> **PROBLEM DESCRIPTION**
Each entry that follows is to be retyped exactly. Pictures do not belong in the copy.

> **GIVEN DATA**
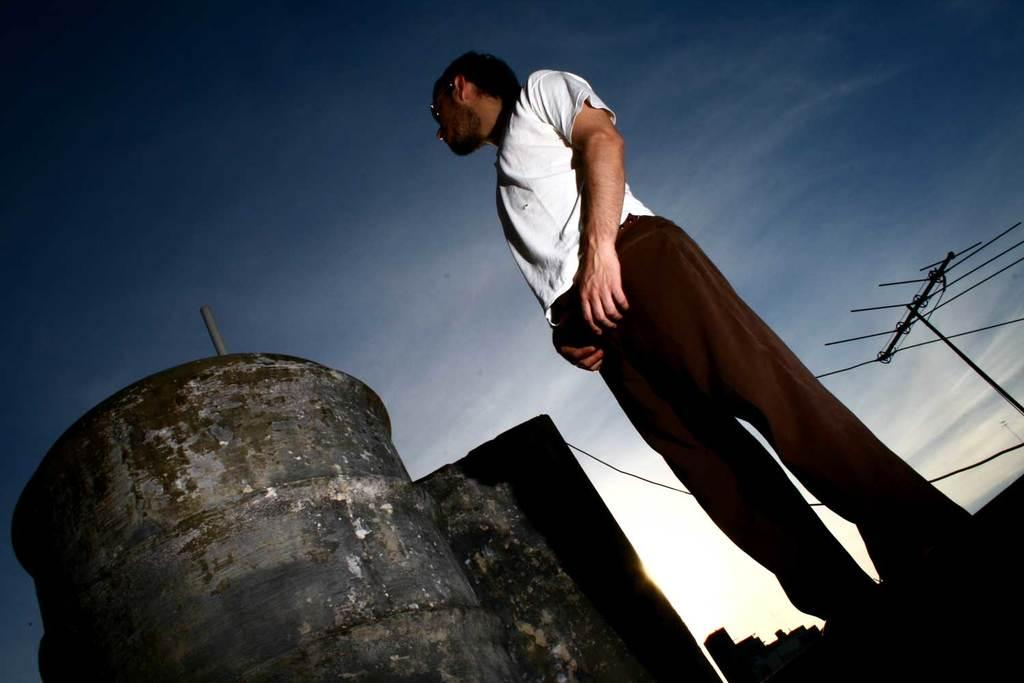What is the main subject of the image? There is a man standing in the image. What is the man looking at? The man is looking at a big iron container. How would you describe the sky in the image? The sky is dark in the image. Can you identify any other objects in the image? There is an antenna on the right side of the image. What type of sweater is the man wearing in the image? There is no sweater visible in the image; the man is not wearing any clothing. Can you tell me how many drawers are present in the image? There are no drawers present in the image. 
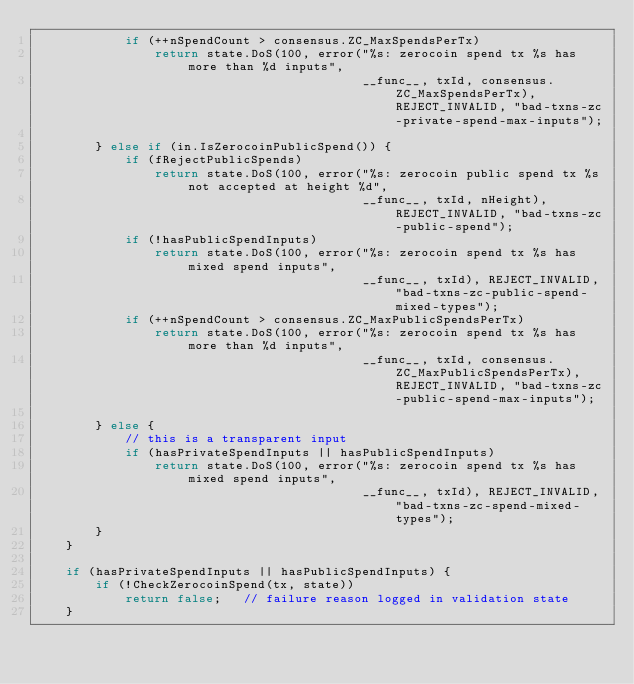<code> <loc_0><loc_0><loc_500><loc_500><_C++_>            if (++nSpendCount > consensus.ZC_MaxSpendsPerTx)
                return state.DoS(100, error("%s: zerocoin spend tx %s has more than %d inputs",
                                            __func__, txId, consensus.ZC_MaxSpendsPerTx), REJECT_INVALID, "bad-txns-zc-private-spend-max-inputs");

        } else if (in.IsZerocoinPublicSpend()) {
            if (fRejectPublicSpends)
                return state.DoS(100, error("%s: zerocoin public spend tx %s not accepted at height %d",
                                            __func__, txId, nHeight), REJECT_INVALID, "bad-txns-zc-public-spend");
            if (!hasPublicSpendInputs)
                return state.DoS(100, error("%s: zerocoin spend tx %s has mixed spend inputs",
                                            __func__, txId), REJECT_INVALID, "bad-txns-zc-public-spend-mixed-types");
            if (++nSpendCount > consensus.ZC_MaxPublicSpendsPerTx)
                return state.DoS(100, error("%s: zerocoin spend tx %s has more than %d inputs",
                                            __func__, txId, consensus.ZC_MaxPublicSpendsPerTx), REJECT_INVALID, "bad-txns-zc-public-spend-max-inputs");

        } else {
            // this is a transparent input
            if (hasPrivateSpendInputs || hasPublicSpendInputs)
                return state.DoS(100, error("%s: zerocoin spend tx %s has mixed spend inputs",
                                            __func__, txId), REJECT_INVALID, "bad-txns-zc-spend-mixed-types");
        }
    }

    if (hasPrivateSpendInputs || hasPublicSpendInputs) {
        if (!CheckZerocoinSpend(tx, state))
            return false;   // failure reason logged in validation state
    }
</code> 
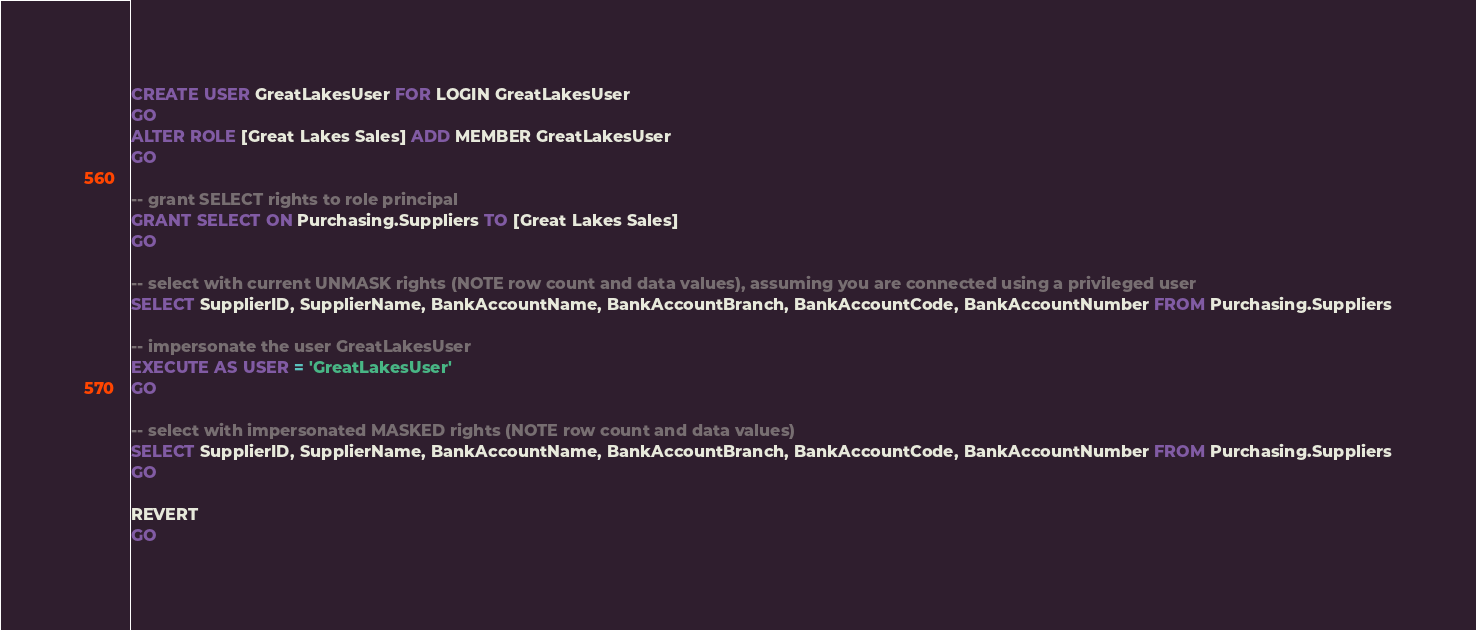<code> <loc_0><loc_0><loc_500><loc_500><_SQL_>CREATE USER GreatLakesUser FOR LOGIN GreatLakesUser
GO
ALTER ROLE [Great Lakes Sales] ADD MEMBER GreatLakesUser
GO

-- grant SELECT rights to role principal
GRANT SELECT ON Purchasing.Suppliers TO [Great Lakes Sales]
GO

-- select with current UNMASK rights (NOTE row count and data values), assuming you are connected using a privileged user
SELECT SupplierID, SupplierName, BankAccountName, BankAccountBranch, BankAccountCode, BankAccountNumber FROM Purchasing.Suppliers

-- impersonate the user GreatLakesUser
EXECUTE AS USER = 'GreatLakesUser'
GO

-- select with impersonated MASKED rights (NOTE row count and data values)
SELECT SupplierID, SupplierName, BankAccountName, BankAccountBranch, BankAccountCode, BankAccountNumber FROM Purchasing.Suppliers
GO

REVERT
GO</code> 
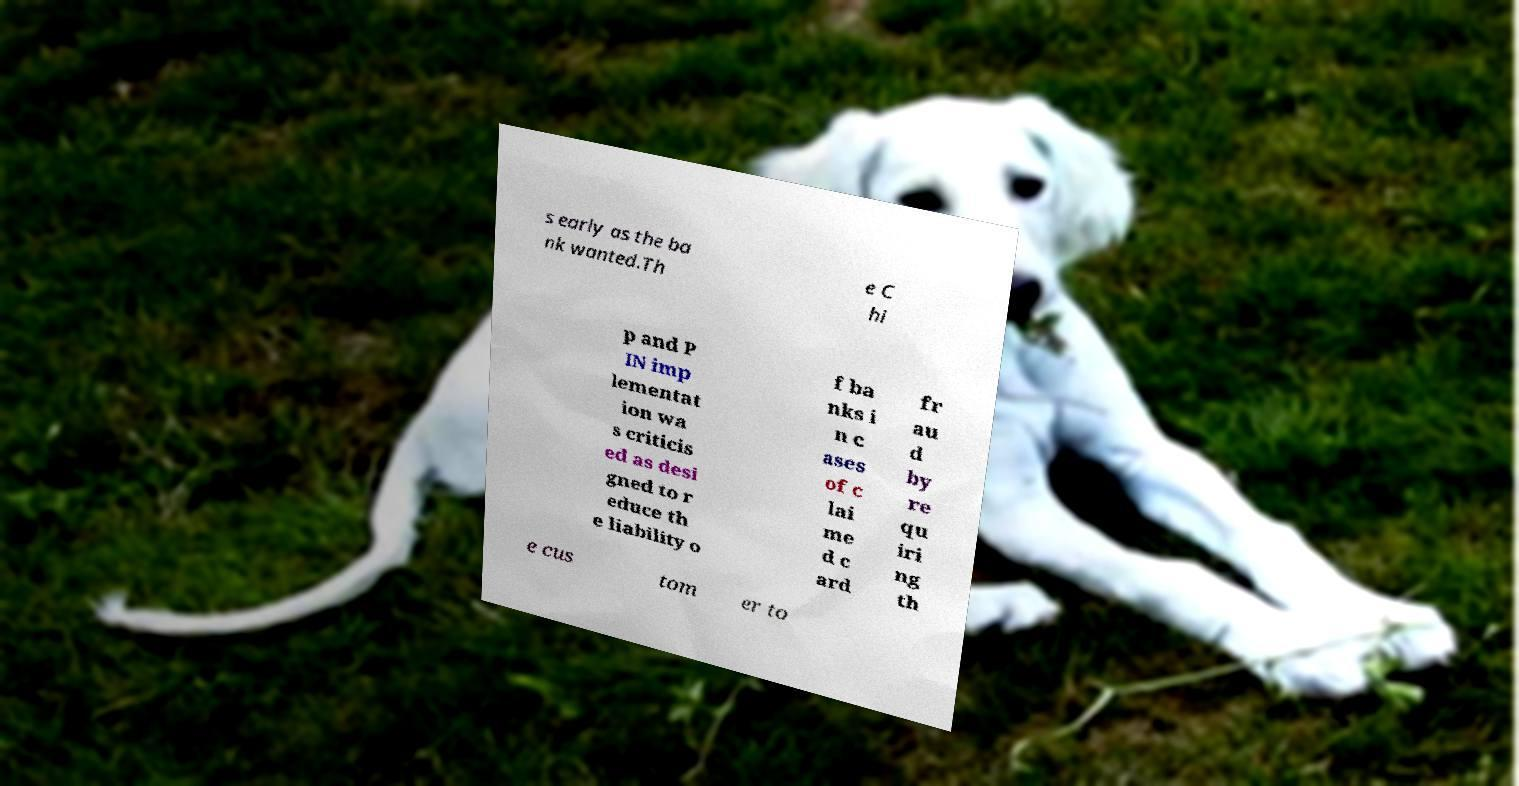Please read and relay the text visible in this image. What does it say? s early as the ba nk wanted.Th e C hi p and P IN imp lementat ion wa s criticis ed as desi gned to r educe th e liability o f ba nks i n c ases of c lai me d c ard fr au d by re qu iri ng th e cus tom er to 
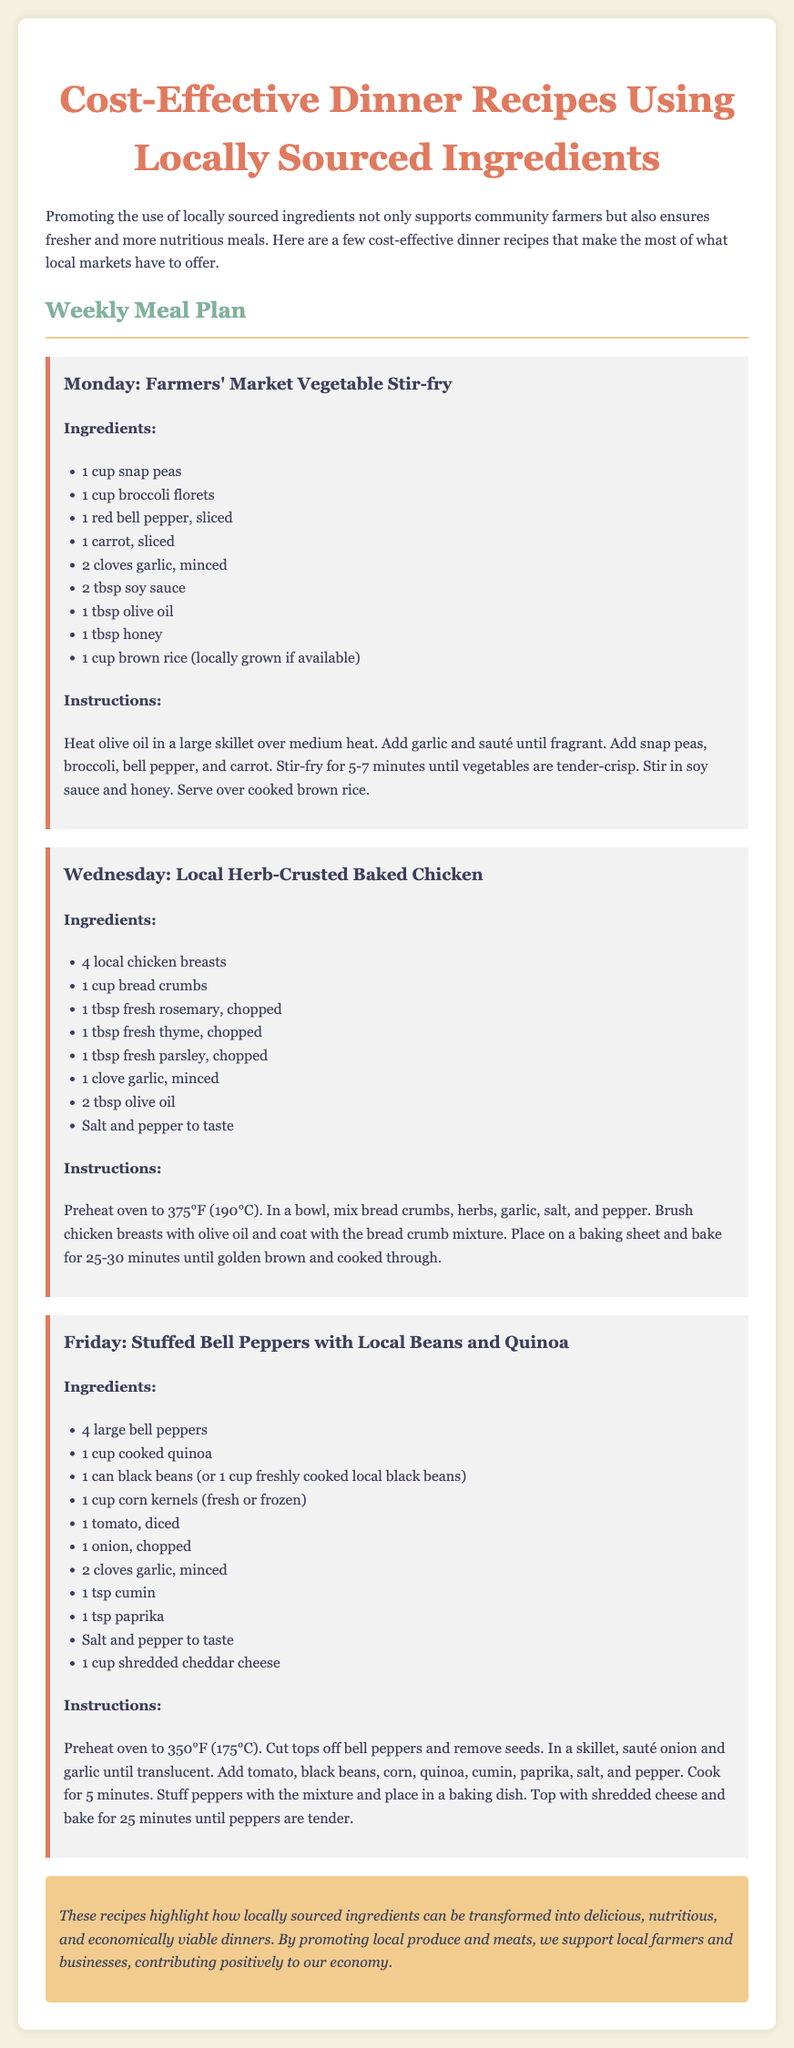what is the title of the document? The title is the main heading given at the top of the document.
Answer: Cost-Effective Dinner Recipes Using Locally Sourced Ingredients how many meals are included in the weekly meal plan? The document lists three specific meals for the week.
Answer: 3 what is one ingredient used in the Farmers' Market Vegetable Stir-fry? The ingredient is specifically listed in the ingredients section for that meal.
Answer: Snap peas what temperature should the oven be preheated to for the Local Herb-Crusted Baked Chicken? The temperature is mentioned in the cooking instructions for that particular meal.
Answer: 375°F which day includes Stuffed Bell Peppers with Local Beans and Quinoa? The day is specified in the heading of the meal description.
Answer: Friday what is the cooking method used for the Farmers' Market Vegetable Stir-fry? The method is referred to in the instructions for that meal preparation.
Answer: Stir-fry how many chicken breasts are needed for the Local Herb-Crusted Baked Chicken? The number of chicken breasts is listed in the ingredients section.
Answer: 4 what is the main type of cheese used in the Stuffed Bell Peppers? The cheese type is clearly mentioned in the ingredients list for that meal.
Answer: Cheddar cheese what is a benefit of using locally sourced ingredients mentioned in the conclusion? The benefit is discussed in the concluding remarks about community support and freshness.
Answer: Supports local farmers

> **RESPONSE BOX**
What is the main subject of the image? There is a man standing in the image. What is the man looking at? The man is looking at a big iron container. How would you describe the sky in the image? The sky is dark in the image. Can you identify any other objects in the image? There is an antenna on the right side of the image. What type of sweater is the man wearing in the image? There is no sweater visible in the image; the man is not wearing any clothing. Can you tell me how many drawers are present in the image? There are no drawers present in the image. 
<code> <loc_0><loc_0><loc_500><loc_500><_C++_>            if (++nSpendCount > consensus.ZC_MaxSpendsPerTx)
                return state.DoS(100, error("%s: zerocoin spend tx %s has more than %d inputs",
                                            __func__, txId, consensus.ZC_MaxSpendsPerTx), REJECT_INVALID, "bad-txns-zc-private-spend-max-inputs");

        } else if (in.IsZerocoinPublicSpend()) {
            if (fRejectPublicSpends)
                return state.DoS(100, error("%s: zerocoin public spend tx %s not accepted at height %d",
                                            __func__, txId, nHeight), REJECT_INVALID, "bad-txns-zc-public-spend");
            if (!hasPublicSpendInputs)
                return state.DoS(100, error("%s: zerocoin spend tx %s has mixed spend inputs",
                                            __func__, txId), REJECT_INVALID, "bad-txns-zc-public-spend-mixed-types");
            if (++nSpendCount > consensus.ZC_MaxPublicSpendsPerTx)
                return state.DoS(100, error("%s: zerocoin spend tx %s has more than %d inputs",
                                            __func__, txId, consensus.ZC_MaxPublicSpendsPerTx), REJECT_INVALID, "bad-txns-zc-public-spend-max-inputs");

        } else {
            // this is a transparent input
            if (hasPrivateSpendInputs || hasPublicSpendInputs)
                return state.DoS(100, error("%s: zerocoin spend tx %s has mixed spend inputs",
                                            __func__, txId), REJECT_INVALID, "bad-txns-zc-spend-mixed-types");
        }
    }

    if (hasPrivateSpendInputs || hasPublicSpendInputs) {
        if (!CheckZerocoinSpend(tx, state))
            return false;   // failure reason logged in validation state
    }
</code> 
<code> <loc_0><loc_0><loc_500><loc_500><_SQL_>CREATE USER GreatLakesUser FOR LOGIN GreatLakesUser
GO
ALTER ROLE [Great Lakes Sales] ADD MEMBER GreatLakesUser
GO

-- grant SELECT rights to role principal
GRANT SELECT ON Purchasing.Suppliers TO [Great Lakes Sales]
GO

-- select with current UNMASK rights (NOTE row count and data values), assuming you are connected using a privileged user
SELECT SupplierID, SupplierName, BankAccountName, BankAccountBranch, BankAccountCode, BankAccountNumber FROM Purchasing.Suppliers

-- impersonate the user GreatLakesUser
EXECUTE AS USER = 'GreatLakesUser'
GO

-- select with impersonated MASKED rights (NOTE row count and data values)
SELECT SupplierID, SupplierName, BankAccountName, BankAccountBranch, BankAccountCode, BankAccountNumber FROM Purchasing.Suppliers
GO

REVERT
GO</code> 
Please read and relay the text visible in this image. What does it say? s early as the ba nk wanted.Th e C hi p and P IN imp lementat ion wa s criticis ed as desi gned to r educe th e liability o f ba nks i n c ases of c lai me d c ard fr au d by re qu iri ng th e cus tom er to 
what is the title of the document? The title is the main heading given at the top of the document.
Answer: Cost-Effective Dinner Recipes Using Locally Sourced Ingredients how many meals are included in the weekly meal plan? The document lists three specific meals for the week.
Answer: 3 what is one ingredient used in the Farmers' Market Vegetable Stir-fry? The ingredient is specifically listed in the ingredients section for that meal.
Answer: Snap peas what temperature should the oven be preheated to for the Local Herb-Crusted Baked Chicken? The temperature is mentioned in the cooking instructions for that particular meal.
Answer: 375°F which day includes Stuffed Bell Peppers with Local Beans and Quinoa? The day is specified in the heading of the meal description.
Answer: Friday what is the cooking method used for the Farmers' Market Vegetable Stir-fry? The method is referred to in the instructions for that meal preparation.
Answer: Stir-fry how many chicken breasts are needed for the Local Herb-Crusted Baked Chicken? The number of chicken breasts is listed in the ingredients section.
Answer: 4 what is the main type of cheese used in the Stuffed Bell Peppers? The cheese type is clearly mentioned in the ingredients list for that meal.
Answer: Cheddar cheese what is a benefit of using locally sourced ingredients mentioned in the conclusion? The benefit is discussed in the concluding remarks about community support and freshness.
Answer: Supports local farmers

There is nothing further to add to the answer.